4 Experimental Results and Discussion

In this work, Australian Credit Dataset, which is one of the most common datasets in the credit scoring field has been used to implement a combination of FS and rule extraction. The dataset has been obtained from the UCI Machine Learning Repository [25]. However, for confidentiality reasons, the names and values of all features are replaced with symbolic data. This includes 690 loan applicants with 14 features, including 383 creditworthy customers (Class 1) and 307 defaulting customers (Class 0). In this study, we randomly split this dataset into a 70% for training set and a 30% for testing set.

To evaluate our model, we use a very popular evaluation metric in ML to assess credit scoring models, that is, accuracy, which generally describes the performance of the model in all classes. Otherwise, the accuracy is the fraction of predictions that the model gets right.

Table 1. Reduced number of features.

Table 1 shows the number of features held by each FS technique. Employing Kendall’s rank correlation, ANOVA, RF, and GBDT, they have reduced the original number of the feature set by 7, 9, 7, and 7, respectively. Thus, only relevant features are selected and can be used for rule extraction.

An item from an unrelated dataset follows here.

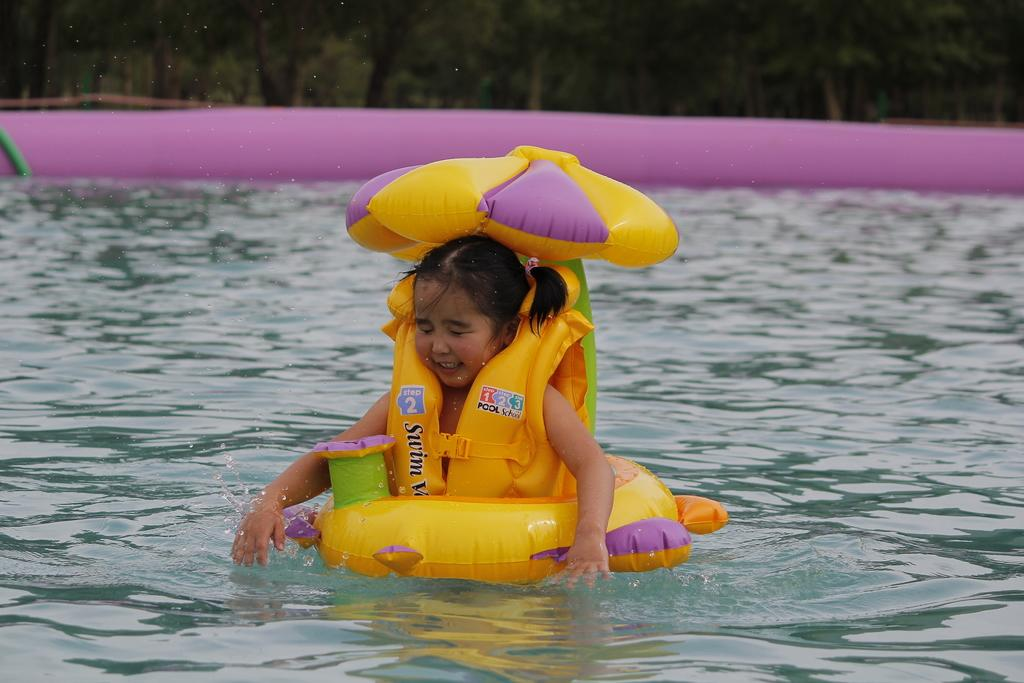Who is present in the image? There is a girl in the image. What is the girl doing in the image? The girl is swimming in the water. What object does the girl have in the image? The girl has a balloon. What can be seen in the background of the image? There is water and trees visible in the background of the image. What type of crime is being committed in the image? There is no crime being committed in the image; it features a girl swimming with a balloon. How does the image promote harmony among different species? The image does not depict any interaction between different species, so it cannot be said to promote harmony among them.

From Table 2, we notice that the performance obtained using the feature selection techniques was almost similar and ranged from 77% to 88%. The best result was obtained using GBDT as a FS technique and Decision Tree (DT) as a classifier also devoted to rule extraction, as the decision tree algorithm produces accurate and interpretable models, it is also fast, both at the time of construction and application.

Table 2. Empirical results of our experiments.

Table 3 shows that we obtained a total number of rules 7, 8, 7 and 8 respectively using DT and 24, 22, 23 and 24 using RF for Kendall Rank Correlation, ANOVA, RF and GBDT respectively. Subsequently, we eliminated all the insignificant rules that have an importance of 0, therefore we have an efficient, transparent and convincing system for financial professionals with fewer decision rules.

Table 3. Number of total and filtered rules.

Interpretability of machine learning algorithms is necessary especially when the intended application involves important decisions. We argue that simplicity, stability and predictability are the minimum requirements for an interpretable model.

5 Conclusion

In this paper, we examined four FS techniques in conjunction with two rule extraction methods for credit risk assessment using the Australian Credit dataset from the UCI ML repository. It was revealed that the combination of these techniques was a very important approach for credit scoring residing in a reduced number of features and fewer decision rules while maintaining a promising classification performance and provided a solution to the trade-off between model interpretability and accuracy. These results encourage us to pursue further research in this direction and in particular for the rule extraction techniques that deserve more attention.

Future studies could explore this approach further by using other FS and rule extraction techniques to improve the performance and comprehensibility of the models. We also aim to test our approach on other databases.